[Records drawn from a dataset]
● ● ● ●

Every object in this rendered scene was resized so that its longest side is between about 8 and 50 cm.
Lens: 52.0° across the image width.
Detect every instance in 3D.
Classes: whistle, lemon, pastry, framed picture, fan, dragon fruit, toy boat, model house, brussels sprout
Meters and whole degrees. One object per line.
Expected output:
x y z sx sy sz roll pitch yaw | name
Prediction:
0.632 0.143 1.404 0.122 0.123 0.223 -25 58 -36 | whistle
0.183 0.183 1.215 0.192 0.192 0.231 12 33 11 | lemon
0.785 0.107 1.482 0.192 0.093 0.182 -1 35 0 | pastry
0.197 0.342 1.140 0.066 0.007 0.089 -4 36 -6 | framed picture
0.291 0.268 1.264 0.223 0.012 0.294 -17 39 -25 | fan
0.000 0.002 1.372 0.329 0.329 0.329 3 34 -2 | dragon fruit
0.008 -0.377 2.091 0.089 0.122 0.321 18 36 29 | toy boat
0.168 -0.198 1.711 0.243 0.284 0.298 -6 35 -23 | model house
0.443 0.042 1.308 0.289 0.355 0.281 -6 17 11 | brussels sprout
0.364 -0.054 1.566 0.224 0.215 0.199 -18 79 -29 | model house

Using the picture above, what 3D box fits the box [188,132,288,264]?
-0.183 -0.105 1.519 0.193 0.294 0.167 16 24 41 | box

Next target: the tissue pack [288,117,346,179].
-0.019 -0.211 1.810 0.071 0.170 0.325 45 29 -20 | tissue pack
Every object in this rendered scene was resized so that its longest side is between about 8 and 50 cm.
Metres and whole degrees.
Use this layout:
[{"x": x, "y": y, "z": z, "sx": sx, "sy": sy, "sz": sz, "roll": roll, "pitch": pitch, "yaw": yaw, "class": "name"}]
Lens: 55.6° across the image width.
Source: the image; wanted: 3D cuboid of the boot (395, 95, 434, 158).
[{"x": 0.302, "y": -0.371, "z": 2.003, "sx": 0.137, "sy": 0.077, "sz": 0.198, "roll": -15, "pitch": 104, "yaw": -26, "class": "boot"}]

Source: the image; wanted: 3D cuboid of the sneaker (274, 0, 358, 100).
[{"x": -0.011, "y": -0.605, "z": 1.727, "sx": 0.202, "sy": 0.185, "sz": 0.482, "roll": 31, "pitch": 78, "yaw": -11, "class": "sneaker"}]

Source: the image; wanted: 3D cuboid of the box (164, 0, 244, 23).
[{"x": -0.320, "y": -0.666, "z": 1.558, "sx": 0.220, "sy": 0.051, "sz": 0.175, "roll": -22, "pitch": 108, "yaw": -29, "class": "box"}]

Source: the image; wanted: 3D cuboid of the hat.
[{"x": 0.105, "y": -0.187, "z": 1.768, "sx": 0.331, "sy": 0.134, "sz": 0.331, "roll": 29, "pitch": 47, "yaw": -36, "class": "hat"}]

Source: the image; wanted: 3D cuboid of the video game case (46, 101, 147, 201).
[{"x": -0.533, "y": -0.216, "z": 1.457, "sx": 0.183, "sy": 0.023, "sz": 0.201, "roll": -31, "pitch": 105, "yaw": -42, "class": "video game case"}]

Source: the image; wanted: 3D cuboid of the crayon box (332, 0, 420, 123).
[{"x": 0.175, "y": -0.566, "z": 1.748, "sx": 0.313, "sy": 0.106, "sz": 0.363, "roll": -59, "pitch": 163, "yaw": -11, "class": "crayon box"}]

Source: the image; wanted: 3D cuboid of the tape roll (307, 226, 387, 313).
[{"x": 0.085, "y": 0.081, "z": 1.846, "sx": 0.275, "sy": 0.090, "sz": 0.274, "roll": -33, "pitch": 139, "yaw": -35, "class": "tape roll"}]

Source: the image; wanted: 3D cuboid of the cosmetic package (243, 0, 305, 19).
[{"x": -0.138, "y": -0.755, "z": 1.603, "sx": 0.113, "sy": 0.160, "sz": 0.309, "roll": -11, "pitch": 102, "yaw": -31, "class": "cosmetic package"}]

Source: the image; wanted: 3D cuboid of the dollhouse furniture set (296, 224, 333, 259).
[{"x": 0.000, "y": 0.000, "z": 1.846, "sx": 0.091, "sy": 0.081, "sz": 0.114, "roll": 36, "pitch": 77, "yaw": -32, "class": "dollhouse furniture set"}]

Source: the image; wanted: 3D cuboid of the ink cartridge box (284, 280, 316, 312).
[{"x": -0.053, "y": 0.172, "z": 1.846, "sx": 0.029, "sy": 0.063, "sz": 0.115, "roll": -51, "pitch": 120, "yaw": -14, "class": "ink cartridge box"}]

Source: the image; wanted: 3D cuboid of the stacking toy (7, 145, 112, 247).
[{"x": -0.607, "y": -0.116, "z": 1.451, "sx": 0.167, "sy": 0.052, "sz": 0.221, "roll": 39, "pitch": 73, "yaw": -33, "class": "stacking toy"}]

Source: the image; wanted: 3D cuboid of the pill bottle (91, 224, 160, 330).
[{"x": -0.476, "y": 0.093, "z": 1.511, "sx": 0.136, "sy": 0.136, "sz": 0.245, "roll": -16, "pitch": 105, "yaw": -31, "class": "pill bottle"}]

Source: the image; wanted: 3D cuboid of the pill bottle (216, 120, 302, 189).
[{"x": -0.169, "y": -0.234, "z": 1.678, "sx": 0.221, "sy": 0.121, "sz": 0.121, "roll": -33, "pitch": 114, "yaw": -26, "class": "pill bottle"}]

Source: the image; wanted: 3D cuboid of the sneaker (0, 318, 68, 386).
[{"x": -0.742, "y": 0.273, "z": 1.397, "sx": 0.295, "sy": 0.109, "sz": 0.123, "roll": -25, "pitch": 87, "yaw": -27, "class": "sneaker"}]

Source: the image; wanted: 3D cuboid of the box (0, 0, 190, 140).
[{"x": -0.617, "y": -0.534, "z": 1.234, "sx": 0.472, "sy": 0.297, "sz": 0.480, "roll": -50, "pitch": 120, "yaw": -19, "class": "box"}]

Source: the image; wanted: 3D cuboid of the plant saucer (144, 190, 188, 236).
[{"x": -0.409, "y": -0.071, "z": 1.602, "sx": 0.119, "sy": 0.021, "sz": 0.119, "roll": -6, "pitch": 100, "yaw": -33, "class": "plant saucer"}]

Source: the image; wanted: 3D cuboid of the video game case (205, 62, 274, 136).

● ● ● ●

* Task objective: Repeat word for word every line from the start of the entries to the line holding "Detect every instance in 3D.", inclusive, and nothing else.

* Answer to this task:
Every object in this rendered scene was resized so that its longest side is between about 8 and 50 cm.
Lens: 52.0° across the image width.
Detect every instance in 3D.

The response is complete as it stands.